I was well acquainted with a shame-based identity and from a very early age. I was raised by a step-dad who made me feel worse about myself than any other person or thing on the planet. I had a constant sense that I was too much and yet not enough. (This is something I realized was a tape that played in many people minds as I have met with shame-based clients over the years.) I felt like when things went wrong or something bad happened, it was because of me. In the 4th grade I got a rare opportunity to spend the night at a friend’s house. I was so excited to go and we were having a blast until my friend’s dog ran out onto the highway near their house and was hit and killed. It was awful and before I could fully process the event I remember thinking, “This is my fault! This happened because I am here!”. I think of this now and am devastated for my 4th grade self!
This sense of shame grew throughout my life until, in my 40’s I began to do significant work to heal this. Years later, I developed the following chart to help summarize my journey and to give others the information to help them “diagnose” this autoimmune disease of their souls (right side of the chart) and to provide them with a “remedy” (the left side of the chart). I invite you to spend this week exploring the significance of the role of shame or low self-esteem in your life.

“If you are what you eat and also what you think, wouldn’t thinking so despicably about yourself lead you to worse behavior, not better???”
THE REMEDY
The good news is that we can choose to not have this disease of shame or low self-esteem! Psalm 139:13-14 (ESV) states:
“For you formed my inward parts;
you knitted me together in my mother’s womb.
I praise you, for I am fearfully and wonderfully made.
Wonderful are your works;
my soul knows it very well (emphasis mine).”

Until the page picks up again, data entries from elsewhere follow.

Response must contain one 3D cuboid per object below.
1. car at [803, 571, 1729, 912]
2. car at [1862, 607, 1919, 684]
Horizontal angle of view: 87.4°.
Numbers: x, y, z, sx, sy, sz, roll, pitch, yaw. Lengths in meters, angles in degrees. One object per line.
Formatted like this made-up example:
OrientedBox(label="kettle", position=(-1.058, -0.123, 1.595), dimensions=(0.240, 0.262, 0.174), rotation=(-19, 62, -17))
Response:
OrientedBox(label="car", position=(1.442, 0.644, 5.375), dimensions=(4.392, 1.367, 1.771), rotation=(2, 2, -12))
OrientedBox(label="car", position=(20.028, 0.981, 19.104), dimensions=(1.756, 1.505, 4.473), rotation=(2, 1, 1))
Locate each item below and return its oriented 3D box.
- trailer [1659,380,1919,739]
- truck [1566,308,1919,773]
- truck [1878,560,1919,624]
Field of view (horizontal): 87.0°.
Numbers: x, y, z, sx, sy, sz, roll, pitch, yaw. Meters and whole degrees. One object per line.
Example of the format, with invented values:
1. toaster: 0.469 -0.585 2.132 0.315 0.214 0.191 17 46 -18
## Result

For someone with low self-esteem or a shame-based identity, that person’s soul does not know being fearfully and wonderfully made! This person, like I had, has learned a default, auto-pilot way of identifying themselves as not made well and of being lesser than most other people. Romans 12:2 states:
“Do not conform any longer to the pattern of this world, but be transformed by the renewing of your mind….”
The goal is to switch this way of thinking about ourselves and to rejoice and be thankful for who God created us to be (mistakes and all)! A couple of things that I teach people to help them move to the left side of the chart is to first ask them if they would speak to a friend like they speak to themselves. Typically, the answer is an emphatic “NO!”. So the assignment is to get out of the default setting by saying kind responses to themselves that mimic what they would say to a friend. “What would you say to a friend?” becomes their prompter for self-responses. The second thing I have them start saying is, “I am a gift, mistakes and all!” Keep this new way of thinking up and soon you will have a new, more positive default setting in your thinking that will yield healing results!
Do some self-reflection this week with these ideas and see how prevalent shame and treating yourself poorly are in your life. Then do the work of being “transformed by the renewing of your mind”!
“What would you say to a friend?”
“I am a gift, mistakes and all!”
“I will allow myself a learning curve and enjoy the process instead of resist it!”
“Today I choose to look at things I can enjoy about being me rather than be so critical of myself!”
Blessings to you in your journey toward freedom,
Shari
* (Once in a while, I run across someone who has healthy self-esteem but still suffers with IU. This however, is more rare.)